Conferencia Episcopal Peruana
Iglesia Católica en el Perú
 

Lecturas del Miércoles de la 3ª semana de Cuaresma

 

Miércoles, 7 de marzo de 2018


Primera lectura

Lectura del libro del Deuteronomio (4,1.5-9):

MOISÉS habló al pueblo, diciendo:

«Ahora, Israel, escucha los mandatos y decretos que yo os enseño para que, cumpliéndolos, viváis y entréis a tomar posesión de la tierra que el Señor, Dios de vuestros padres, os va a dar.

Mirad: yo os enseño los mandatos y decretos, como me mandó el Señor, mi Dios, para que los cumpláis en la tierra donde vais a entrar para tomar posesión de ella.

Observadlos y cumplidlos, pues esa es vuestra sabiduría y vuestra inteligencia a los ojos de los pueblos, los cuales, cuando tengan noticia de todos estos mandatos, dirán:

“Ciertamente es un pueblo sabio e inteligente esta gran nación”.

Porque ¿dónde hay una nación tan grande que tenga unos dioses tan cercanos como el Señor, nuestro Dios, siempre que lo invocamos?

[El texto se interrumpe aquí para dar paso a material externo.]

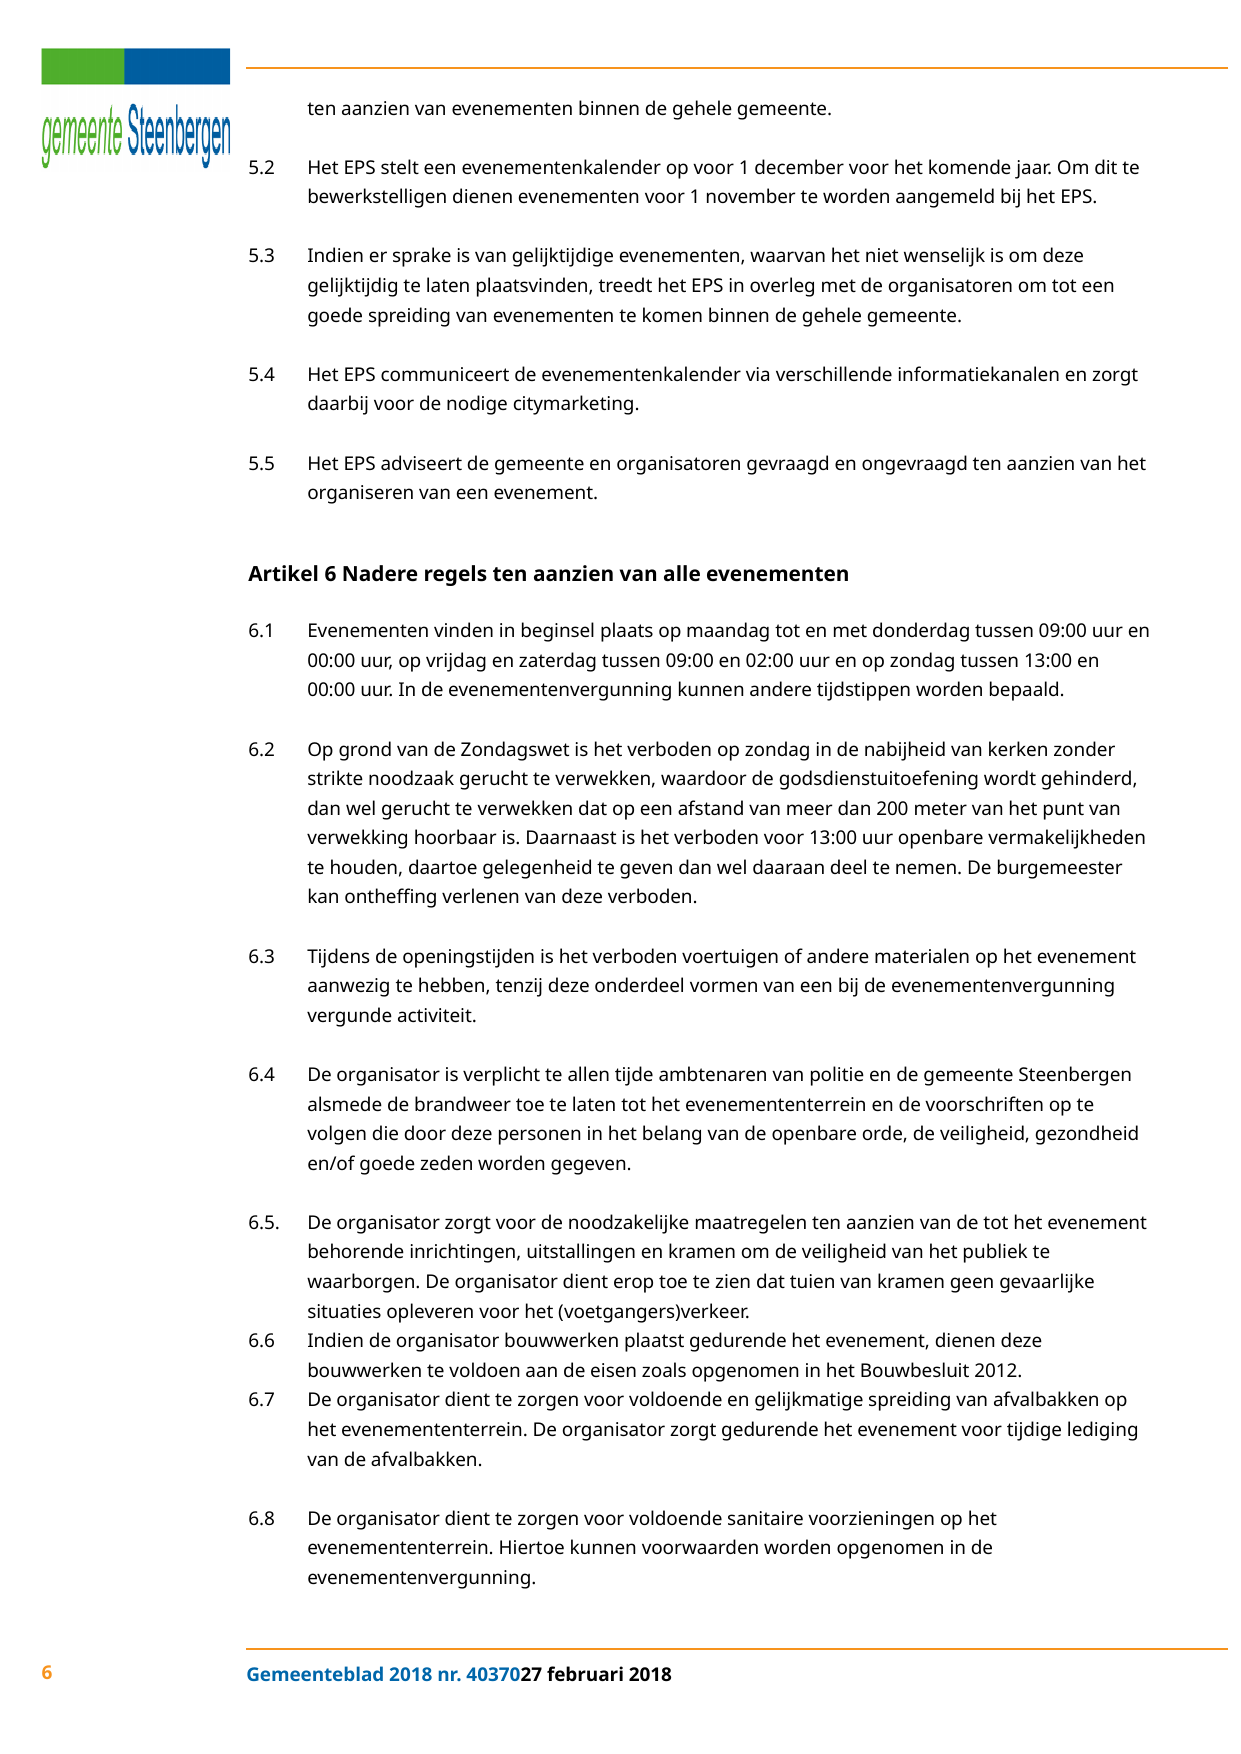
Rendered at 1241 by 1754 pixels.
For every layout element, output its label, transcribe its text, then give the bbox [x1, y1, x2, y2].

Y ¿dónde hay otra nación tan grande que tenga unos mandatos y decretos tan justos como toda esta ley que yo os propongo hoy?

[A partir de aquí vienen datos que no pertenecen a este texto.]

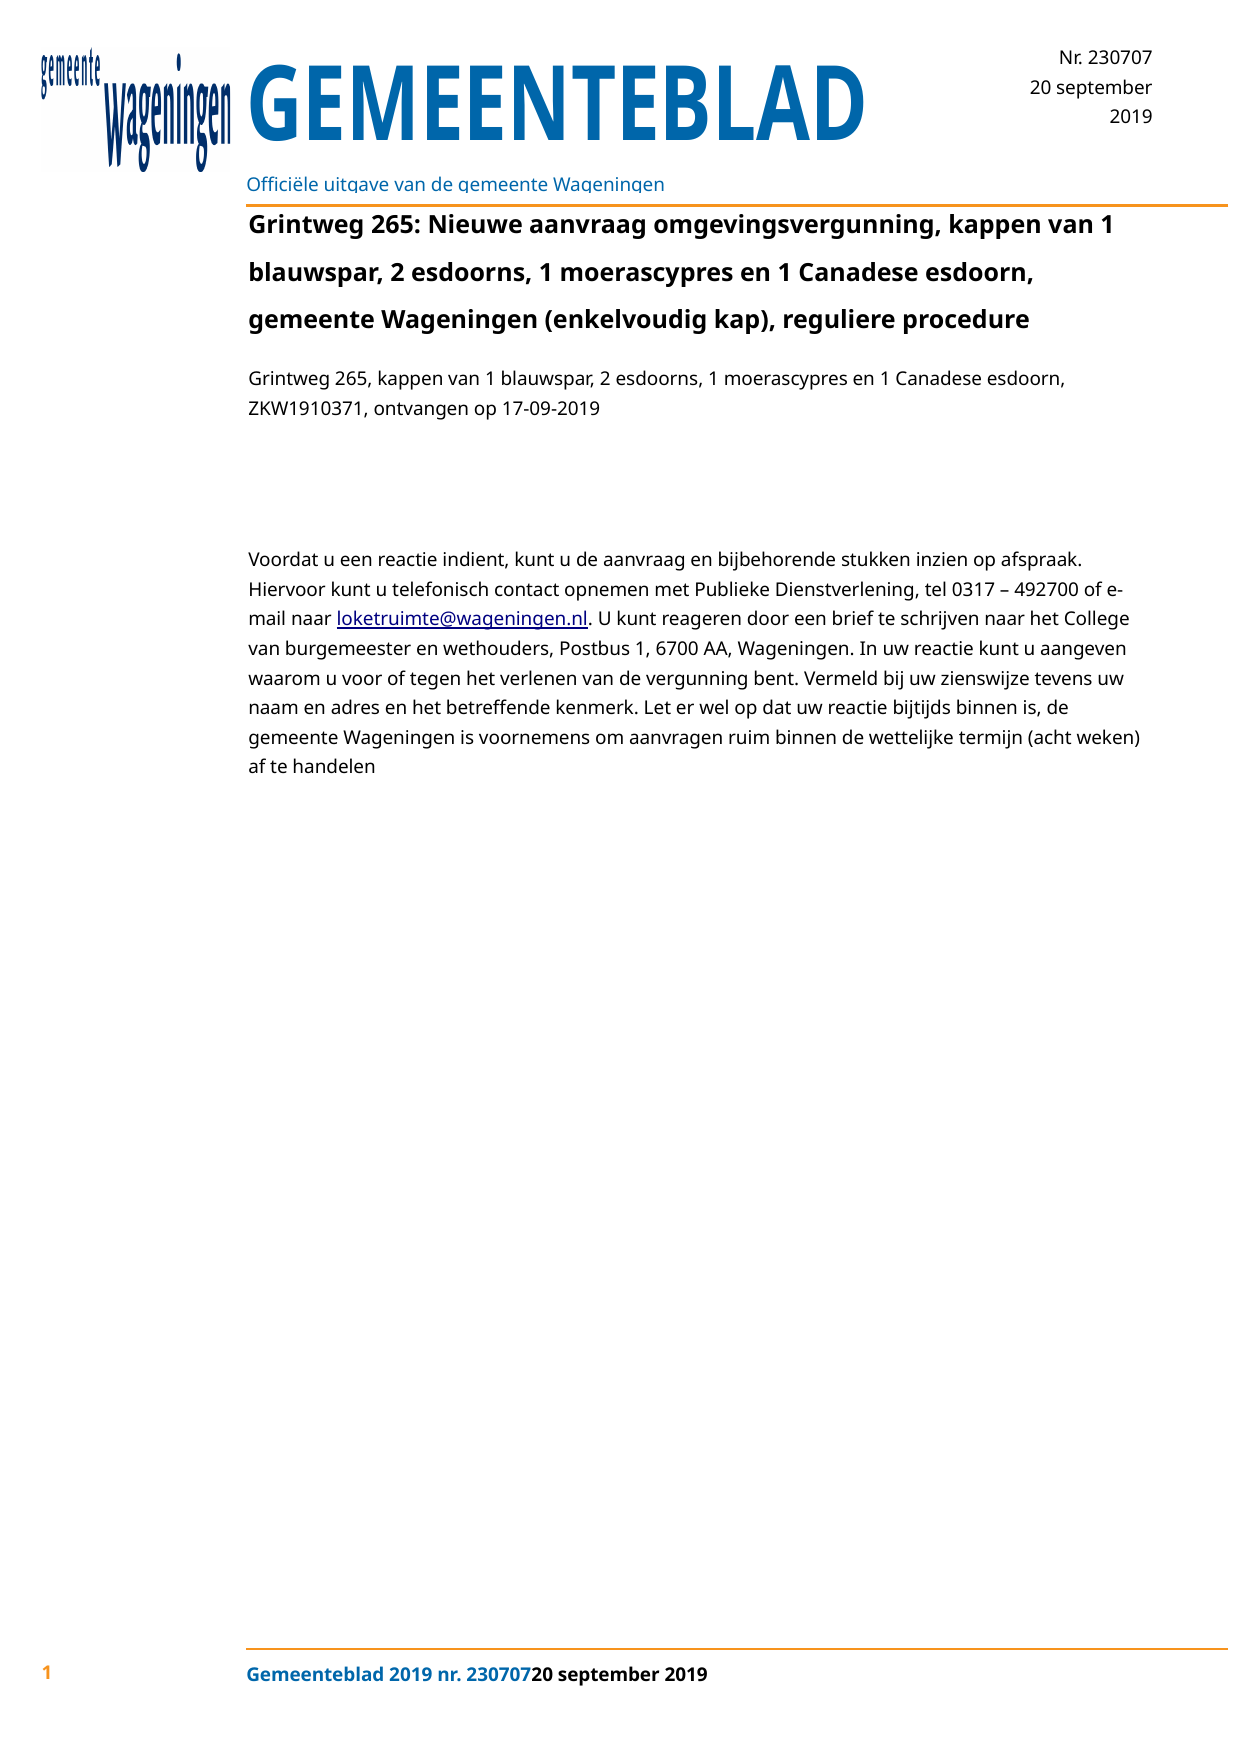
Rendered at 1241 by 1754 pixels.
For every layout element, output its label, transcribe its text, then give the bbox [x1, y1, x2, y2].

Pero, ten cuidado y guárdate bien de olvidar las cosas que han visto tus ojos y que no se aparten de tu corazón mientras vivas; cuéntaselas a tus hijos y a tus nietos».

Palabra de Dios

Salmo

Sal 147,12-13.15-16.19-20

R/.
 Glorifica al Señor, Jerusalén

V/. Glorifica al Señor, Jerusalén;
alaba a tu Dios, Sión.
Que ha reforzado los cerrojos de tus puertas,
y ha bendecido a tus hijos dentro de ti. R/.

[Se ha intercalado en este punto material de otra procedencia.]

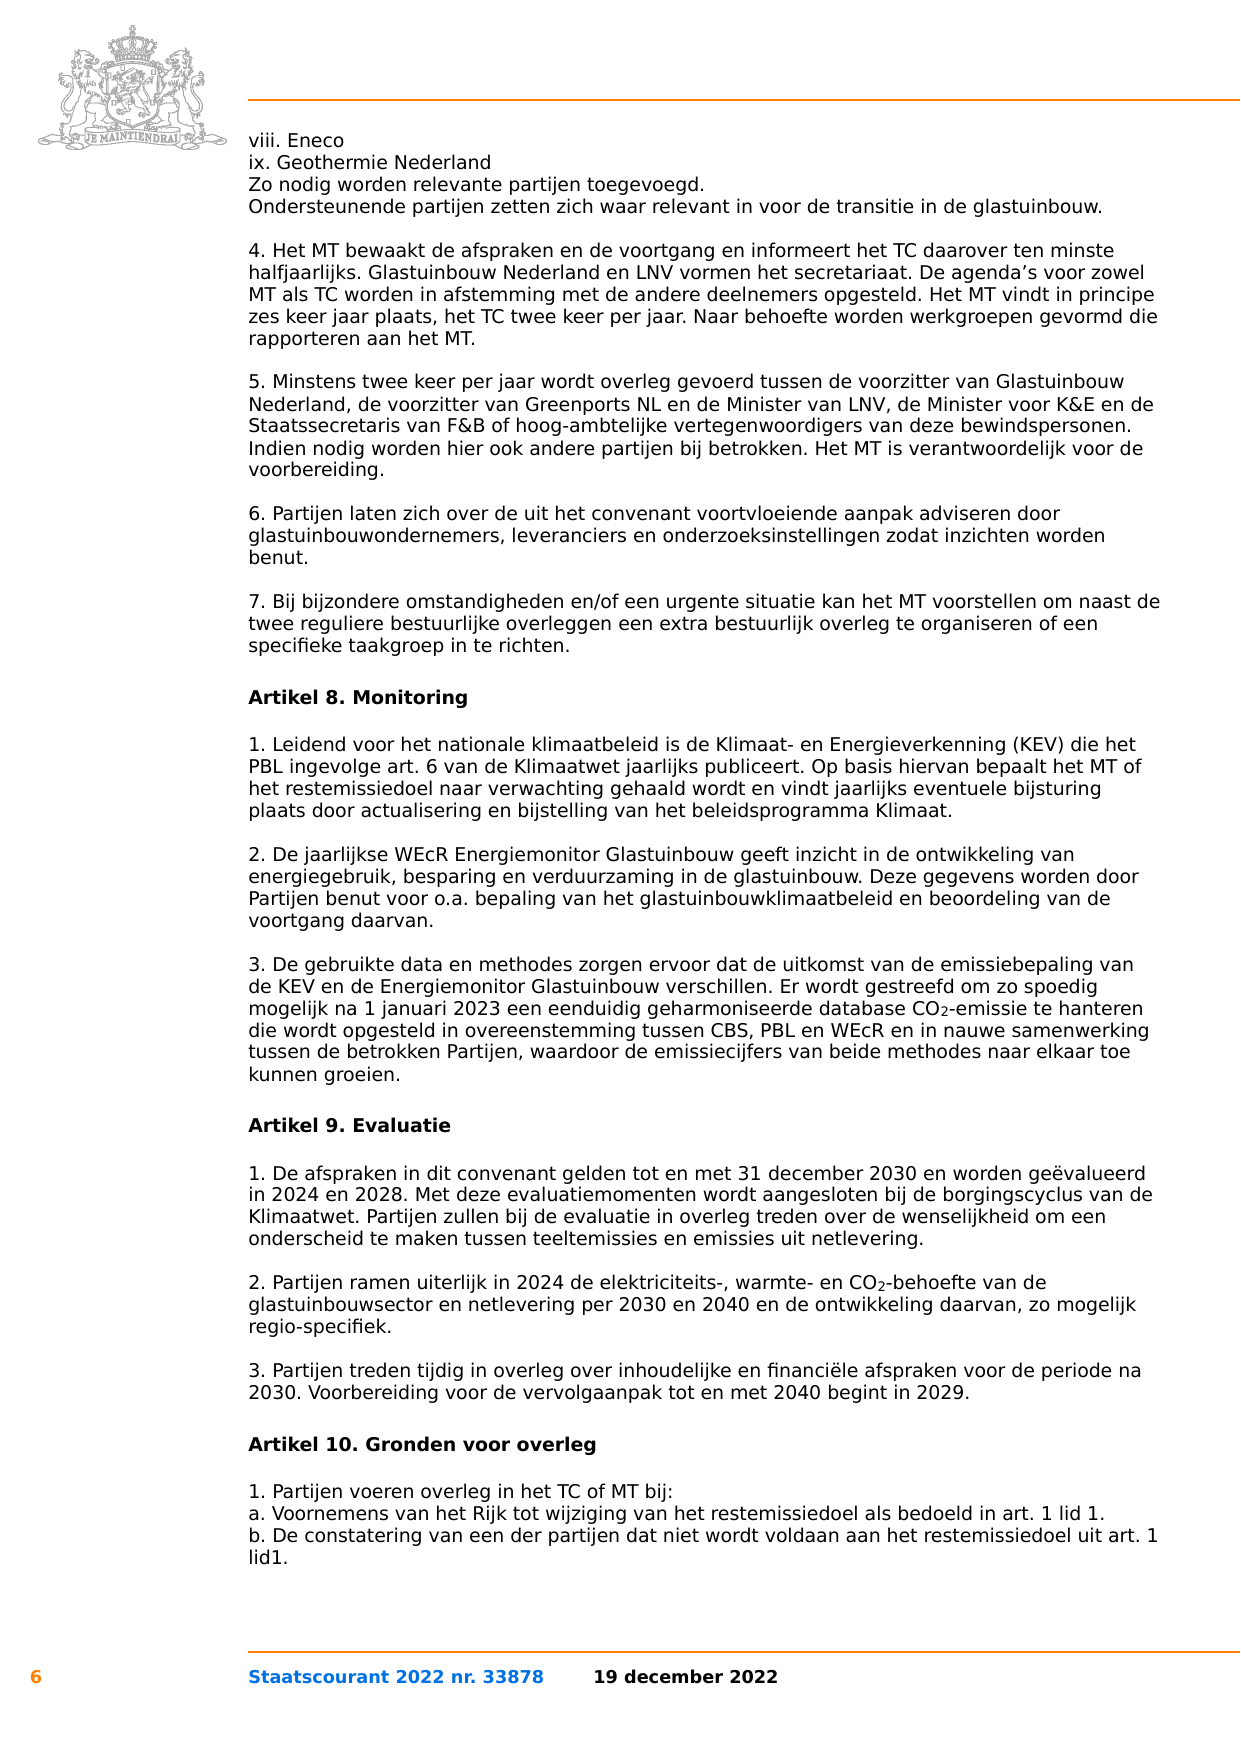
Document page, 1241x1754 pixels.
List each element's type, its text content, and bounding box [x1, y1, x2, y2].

text 4. Het MT bewaakt de afspraken en de voortgang en informeert het TC daarover ten minste halfjaarlijks. Glastuinbouw Nederland en LNV vormen het secretariaat. De agenda’s voor zowel MT als TC worden in afstemming met de andere deelnemers opgesteld. Het MT vindt in principe zes keer jaar plaats, het TC twee keer per jaar. Naar behoefte worden werkgroepen gevormd die rapporteren aan het MT. [248, 240, 1163, 349]
text 7. Bij bijzondere omstandigheden en/of een urgente situatie kan het MT voorstellen om naast de twee reguliere bestuurlijke overleggen een extra bestuurlijk overleg te organiseren of een specifieke taakgroep in te richten. [248, 591, 1163, 657]
text 5. Minstens twee keer per jaar wordt overleg gevoerd tussen de voorzitter van Glastuinbouw Nederland, de voorzitter van Greenports NL en de Minister van LNV, de Minister voor K&E en de Staatssecretaris van F&B of hoog-ambtelijke vertegenwoordigers van deze bewindspersonen. Indien nodig worden hier ook andere partijen bij betrokken. Het MT is verantwoordelijk voor de voorbereiding. [248, 371, 1163, 481]
text 2. Partijen ramen uiterlijk in 2024 de elektriciteits-, warmte- en CO2-behoefte van de glastuinbouwsector en netlevering per 2030 en 2040 en de ontwikkeling daarvan, zo mogelijk regio-specifiek. [248, 1272, 1163, 1338]
text Zo nodig worden relevante partijen toegevoegd. [248, 174, 1163, 196]
text 3. De gebruikte data en methodes zorgen ervoor dat de uitkomst van de emissiebepaling van de KEV en de Energiemonitor Glastuinbouw verschillen. Er wordt gestreefd om zo spoedig mogelijk na 1 januari 2023 een eenduidig geharmoniseerde database CO2-emissie te hanteren die wordt opgesteld in overeenstemming tussen CBS, PBL en WEcR en in nauwe samenwerking tussen de betrokken Partijen, waardoor de emissiecijfers van beide methodes naar elkaar toe kunnen groeien. [248, 953, 1163, 1085]
subtitle Artikel 8. Monitoring [248, 687, 1163, 709]
text 2. De jaarlijkse WEcR Energiemonitor Glastuinbouw geeft inzicht in de ontwikkeling van energiegebruik, besparing en verduurzaming in de glastuinbouw. Deze gegevens worden door Partijen benut voor o.a. bepaling van het glastuinbouwklimaatbeleid en beoordeling van de voortgang daarvan. [248, 844, 1163, 932]
text 1. De afspraken in dit convenant gelden tot en met 31 december 2030 en worden geëvalueerd in 2024 en 2028. Met deze evaluatiemomenten wordt aangesloten bij de borgingscyclus van de Klimaatwet. Partijen zullen bij de evaluatie in overleg treden over de wenselijkheid om een onderscheid te maken tussen teeltemissies en emissies uit netlevering. [248, 1162, 1163, 1250]
text 1. Leidend voor het nationale klimaatbeleid is de Klimaat- en Energieverkenning (KEV) die het PBL ingevolge art. 6 van de Klimaatwet jaarlijks publiceert. Op basis hiervan bepaalt het MT of het restemissiedoel naar verwachting gehaald wordt en vindt jaarlijks eventuele bijsturing plaats door actualisering en bijstelling van het beleidsprogramma Klimaat. [248, 734, 1163, 822]
text a. Voornemens van het Rijk tot wijziging van het restemissiedoel als bedoeld in art. 1 lid 1. [248, 1503, 1163, 1525]
text 6. Partijen laten zich over de uit het convenant voortvloeiende aanpak adviseren door glastuinbouwondernemers, leveranciers en onderzoeksinstellingen zodat inzichten worden benut. [248, 503, 1163, 569]
text 3. Partijen treden tijdig in overleg over inhoudelijke en financiële afspraken voor de periode na 2030. Voorbereiding voor de vervolgaanpak tot en met 2040 begint in 2029. [248, 1360, 1163, 1404]
picture [38, 25, 227, 150]
text ix. Geothermie Nederland [248, 152, 1163, 174]
text Ondersteunende partijen zetten zich waar relevant in voor de transitie in de glastuinbouw. [248, 196, 1163, 218]
text viii. Eneco [248, 130, 1163, 152]
subtitle Artikel 10. Gronden voor overleg [248, 1434, 1163, 1456]
subtitle Artikel 9. Evaluatie [248, 1115, 1163, 1137]
text 1. Partijen voeren overleg in het TC of MT bij: [248, 1481, 1163, 1503]
text b. De constatering van een der partijen dat niet wordt voldaan aan het restemissiedoel uit art. 1 lid1. [248, 1525, 1163, 1569]

V/. Él envía su mensaje a la tierra,
y su palabra corre veloz;
manda la nieve como lana,
esparce la escarcha como ceniza. R/.

V/. Anuncia su palabra a Jacob,
sus decretos y mandatos a Israel;
con ninguna nación obró así,
ni les dio a conocer sus mandatos. R/.


Evangelio

Lectura del santo evangelio según san Mateo (5,17-19):

EN aquel tiempo, dijo Jesús a sus discípulos:

«No creáis que he venido a abolir la Ley y los Profetas: no he venido a abolir, sino a dar plenitud.

En verdad os digo que antes pasarán el cielo y la tierra que deje de cumplirse hasta la última letra o tilde de la ley.

El que se salte uno solo de los preceptos menos importantes y se lo enseñe así a los hombres será el menos importante en el reino de los cielos.

Pero quien los cumpla y enseñe será grande en el reino de los cielos».